Plus de 100 agressions d'enfants dans des écoles parisiennes : une enquête en cours
La police de Paris enquête sur plus de 100 agressions contre des enfants dans des écoles, maternelles et centres de loisirs. Les suspects sont des animateurs scolaires.

Plus de 100 agressions d'enfants dans des écoles parisiennes : une enquête en cours
Les autorités judiciaires de Paris ont ouvert des investigations sur plus d'une centaine d'agressions commises contre des enfants dans des établissements scolaires municipaux, des écoles maternelles et des centres de loisirs. Plusieurs victimes n'ont que trois ou quatre ans, rapporte Expressen en citant The Guardian.

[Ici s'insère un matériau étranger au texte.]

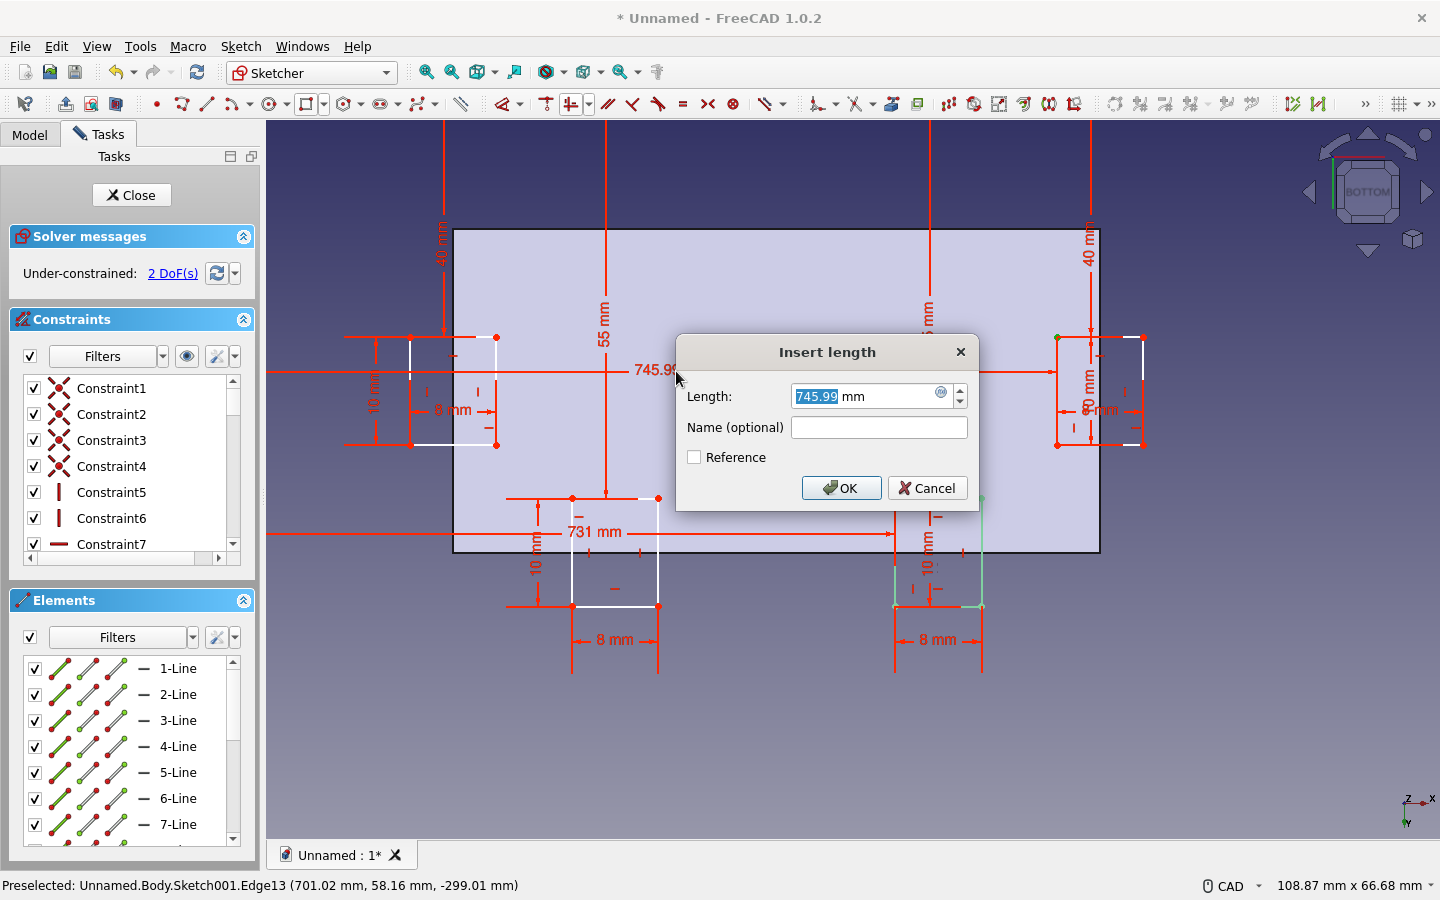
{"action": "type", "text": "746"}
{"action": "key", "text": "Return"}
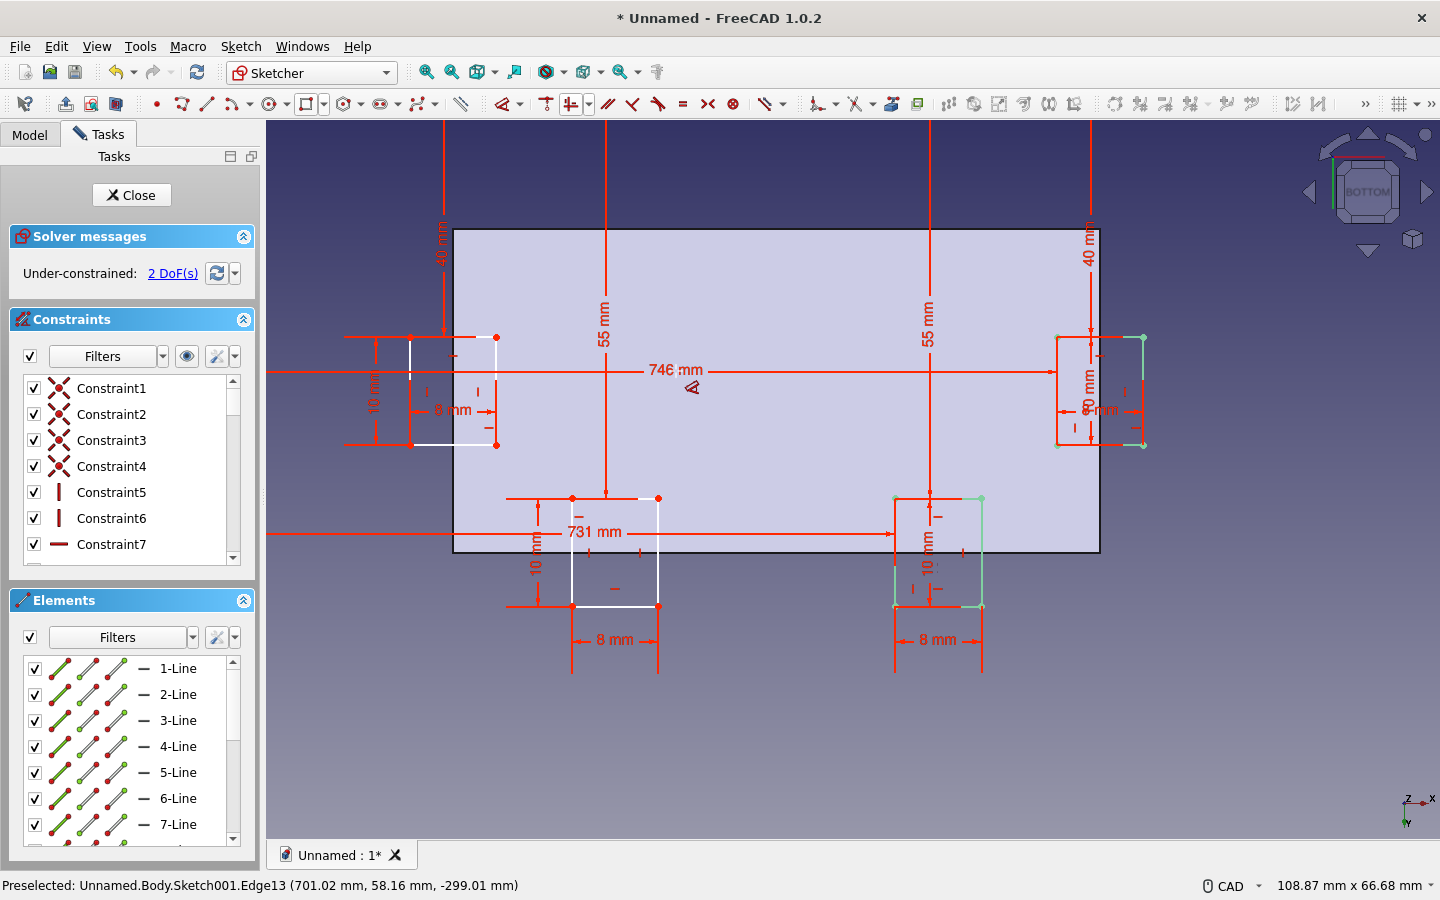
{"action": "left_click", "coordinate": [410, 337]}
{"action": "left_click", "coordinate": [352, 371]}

Les faits reprochés vont du viol aux violences physiques et psychologiques. Des enfants auraient été poussés, tirés par les cheveux, insultés ou forcés à manger jusqu'à vomir. Des cas de violences sexuelles concernent des enfants âgés de trois à quatre ans.
La procureure de Paris, Laure Beccuau, a précisé l'étendue des investigations : 84 écoles maternelles, environ 20 écoles primaires et une dizaine de centres de loisirs sont concernés.
Les suspects sont des animateurs scolaires, des agents recrutés par les autorités locales pour surveiller les enfants pendant les récréations, les repas et les activités périscolaires. Ils ne sont pas employés directement par les écoles.
Un cas particulièrement choquant concerne une fillette de trois ans qui aurait été violée par un animateur dans l'ouest de Paris. Le même prévenu aurait ensuite agressé sexuellement un garçon du même âge après avoir été muté dans un autre établissement suite à des plaintes.
Des associations de parents dénoncent des années de mobilisation pour obtenir une réaction des pouvoirs publics. Elles critiquent notamment le manque de contrôles lors du recrutement et du suivi du personnel.
Le maire de Paris, Emmanuel Grégoire, qui a lui-même été victime d'agressions sexuelles par un animateur scolaire durant son enfance, a annoncé un plan de 215 millions de couronnes suédoises (environ 19 millions d'euros) pour lutter contre ce fléau.
– L'erreur a été de considérer ces événements comme des cas isolés. En réalité, ils révèlent un risque systémique, et peut-être aussi une culture du silence, a-t-il déclaré au journal Le Monde.
Entre janvier et avril, 78 employés scolaires ont été suspendus, dont 31 sont soupçonnés d'agressions sexuelles. Un procès s'ouvre mardi contre un animateur accusé d'agressions sexuelles sur cinq enfants âgés de trois à cinq ans. En juin, un verdict est attendu dans une autre affaire où un animateur est poursuivi pour des agressions sur neuf fillettes de dix ans.